Suppose it comes out that one of her sons hasn’t been going to school. If she has to pay a fine of several hundred dollars, she may have to pick up extra shifts at work to deal with this unexpected expense, which further limits her ability to monitor her son’s behavior. And it’s also possible that it is weakening their bond, because of course he’s doing something that he shouldn’t be doing and is causing his mother financial stress. And that can deteriorate the warmth in their relationship.

“Doing the research and actually evaluating things empirically is really important, because that can help us design better policies.”

And there is research showing that having a warm relationship with your mother can help to prevent delinquency. A study published in 2017 followed 317 mothers and their teenage sons over two and a half years. The sons had just been arrested for the first time when the study started, and interviews over the study period showed that a high-quality mother-son relationship reduced youths’ reoffending over time.

There’s also research showing that being socioeconomically disadvantaged is a risk factor for adolescents engaging in delinquent behavior. And if parents have to pay fines, if they have to take time away from work to go in and attend hearings, the time and money can add up.

So perhaps these penalties could be counterproductive?

There isn’t much research on this, so we don’t know for sure. But we do know that these penalties on parents can contribute to all these other factors — such as financial hardship and family bonds — that are linked to juvenile crime.

What are the next steps for researchers and policymakers interested in this issue?

First and most obviously, it would be good to be able to measure the effect that these laws have.

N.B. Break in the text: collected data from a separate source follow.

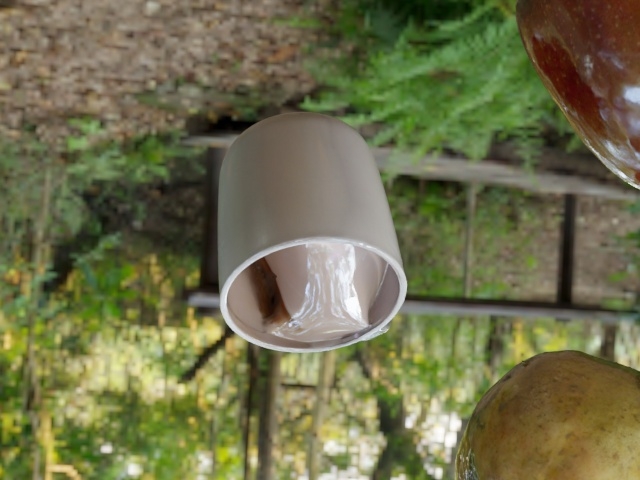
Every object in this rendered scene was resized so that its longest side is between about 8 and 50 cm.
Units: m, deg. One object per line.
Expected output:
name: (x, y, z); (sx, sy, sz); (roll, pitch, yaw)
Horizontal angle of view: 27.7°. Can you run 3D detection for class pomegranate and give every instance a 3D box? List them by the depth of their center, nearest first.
pomegranate: (0.286, 0.258, 1.419); (0.281, 0.281, 0.281); (3, 177, 0)

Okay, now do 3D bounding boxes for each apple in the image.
apple: (0.350, -0.188, 1.214); (0.317, 0.288, 0.288); (46, -173, 12)

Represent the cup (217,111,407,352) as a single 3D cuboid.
cup: (0.000, 0.000, 1.408); (0.191, 0.200, 0.253); (-26, 136, 21)
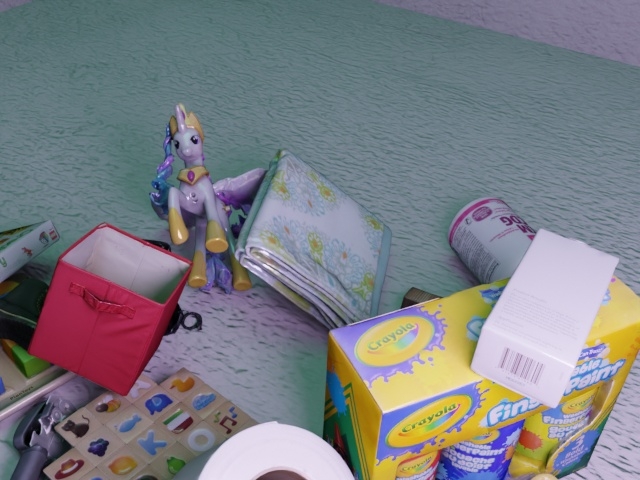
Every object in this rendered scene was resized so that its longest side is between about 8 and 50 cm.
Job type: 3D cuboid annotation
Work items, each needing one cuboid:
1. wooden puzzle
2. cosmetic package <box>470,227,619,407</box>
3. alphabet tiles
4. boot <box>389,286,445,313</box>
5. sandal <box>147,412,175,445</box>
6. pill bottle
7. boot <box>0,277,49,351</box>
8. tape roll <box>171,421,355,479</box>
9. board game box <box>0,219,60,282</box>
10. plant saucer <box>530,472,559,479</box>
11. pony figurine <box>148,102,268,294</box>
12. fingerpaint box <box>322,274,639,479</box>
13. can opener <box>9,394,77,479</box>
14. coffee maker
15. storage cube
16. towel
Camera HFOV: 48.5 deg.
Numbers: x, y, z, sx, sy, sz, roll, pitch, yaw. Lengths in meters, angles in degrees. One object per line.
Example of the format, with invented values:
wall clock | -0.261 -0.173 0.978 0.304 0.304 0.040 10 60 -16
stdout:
wooden puzzle | -0.634 0.197 1.329 0.348 0.080 0.322 32 47 32
cosmetic package | 0.293 0.092 0.917 0.117 0.085 0.231 25 43 21
alphabet tiles | -0.250 0.339 1.127 0.343 0.011 0.285 28 45 30
boot | 0.220 0.215 1.353 0.220 0.109 0.283 25 36 20
sandal | -0.316 0.359 1.170 0.097 0.054 0.254 8 41 23
pill bottle | 0.409 0.043 1.520 0.160 0.160 0.283 -13 41 -19
boot | -0.518 0.132 1.317 0.198 0.076 0.137 21 37 14
tape roll | -0.085 0.387 0.963 0.246 0.169 0.246 13 60 -24
board game box | -0.696 0.060 1.430 0.193 0.053 0.305 -11 22 24
plant saucer | 0.350 0.531 0.957 0.333 0.081 0.333 32 47 33
pony figurine | -0.236 -0.071 1.520 0.303 0.351 0.363 -15 60 3
fingerpaint box | 0.235 0.253 1.073 0.445 0.371 0.163 -14 41 -21
can opener | -0.468 0.374 1.141 0.095 0.076 0.283 -22 33 21
coffee maker | -0.328 0.092 1.402 0.171 0.178 0.120 -7 40 -12
storage cube | -0.355 0.113 1.214 0.184 0.193 0.215 25 21 -4
towel | 0.000 0.000 1.473 0.320 0.090 0.374 40 35 -18
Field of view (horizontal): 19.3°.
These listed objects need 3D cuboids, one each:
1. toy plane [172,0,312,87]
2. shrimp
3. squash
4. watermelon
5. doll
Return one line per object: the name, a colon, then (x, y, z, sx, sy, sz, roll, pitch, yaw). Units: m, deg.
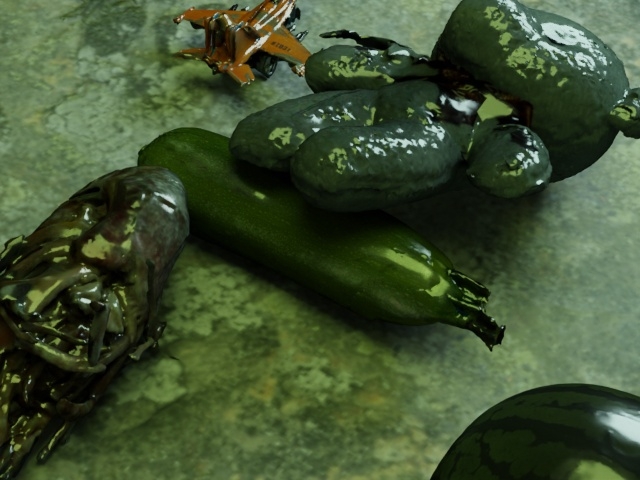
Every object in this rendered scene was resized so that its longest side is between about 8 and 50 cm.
toy plane: (-0.047, -0.188, 1.635, 0.135, 0.062, 0.188, 24, 35, 19)
shrimp: (-0.183, 0.070, 1.325, 0.145, 0.116, 0.343, -2, 43, 29)
squash: (0.001, -0.002, 1.425, 0.331, 0.087, 0.087, 25, 49, 24)
watermelon: (0.165, 0.193, 1.162, 0.212, 0.212, 0.212, 2, 45, -2)
doll: (0.101, -0.112, 1.446, 0.340, 0.158, 0.246, -5, 26, -35)
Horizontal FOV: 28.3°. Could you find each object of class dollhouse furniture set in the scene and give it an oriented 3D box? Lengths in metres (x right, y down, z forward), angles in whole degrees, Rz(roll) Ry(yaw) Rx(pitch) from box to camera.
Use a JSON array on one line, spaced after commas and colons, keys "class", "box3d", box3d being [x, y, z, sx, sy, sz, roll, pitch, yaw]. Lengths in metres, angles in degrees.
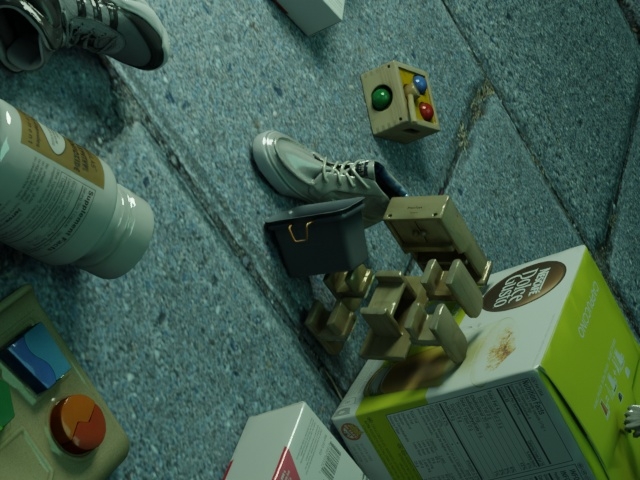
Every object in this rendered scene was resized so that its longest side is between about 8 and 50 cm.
[{"class": "dollhouse furniture set", "box3d": [0.137, 0.080, 1.809, 0.161, 0.212, 0.242, 54, 48, -39]}]

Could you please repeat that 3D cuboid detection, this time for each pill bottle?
[{"class": "pill bottle", "box3d": [-0.292, -0.047, 1.353, 0.229, 0.131, 0.131, 33, 48, -44]}]

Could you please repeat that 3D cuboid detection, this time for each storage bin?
[{"class": "storage bin", "box3d": [0.000, 0.000, 1.771, 0.098, 0.135, 0.091, -31, 108, -57]}]

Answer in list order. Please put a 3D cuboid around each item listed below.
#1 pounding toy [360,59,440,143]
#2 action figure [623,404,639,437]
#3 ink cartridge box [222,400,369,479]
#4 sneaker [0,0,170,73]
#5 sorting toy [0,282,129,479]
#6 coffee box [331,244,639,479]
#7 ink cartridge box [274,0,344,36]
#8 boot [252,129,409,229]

Are they having the desired effect — that after kids get in trouble, they don’t get in trouble again? Or if the parent has to pay fines or face some other consequence, is that actually related to a change in their parenting behavior? We know that if parents are more involved, and they are monitoring their children, that is linked to lower delinquency. But we don’t know if laws are making that change in parents.

But I would say the biggest avenue for future research, based on what we know about adolescent development, is whether support for parents and families is more effective at preventing or reducing crime than parental responsibility laws. Getting someone involved in the legal system does not necessarily address why the behavior happened. I think it’s important to remember that, especially when it comes to kids, the root of the problem is not necessarily criminal in nature.

More often than not, it’s a social problem: It could be because they don’t have a good neighborhood, or they are with other peers who are engaging in risky behaviors or who are involved in gangs. They might not have strong ties with their parents, maybe because their parents are working long hours or multiple jobs.

And on top of this, speaking in terms of their psychological development, teens are really wanting to seek out exciting things, and they’re not very good at controlling their impulses. Across the globe, risk-taking and offending behavior peaks during the teenage years, but almost all youth, even ones who commit serious crimes, stop offending as adults.

And so I think for the future, it’s also important to remember that the legal system is not the only tool that we have to address societal problems, especially when the root of these types of problems is often social in nature.

Why is it so important for there to be more research on these questions?

The Ethan Crumbley case is particularly horrible, but it is very rare and does not represent the majority of cases where parents will face legal culpability. We don’t know what the effects of parental culpability laws are on juvenile offending, but we do know that there could be many unintended consequences of parental culpability laws that have the potential to make juvenile crime worse.

So doing the research and actually evaluating things empirically is really important, because that can help us design better policies that do the most good, while limiting harm as much as possible.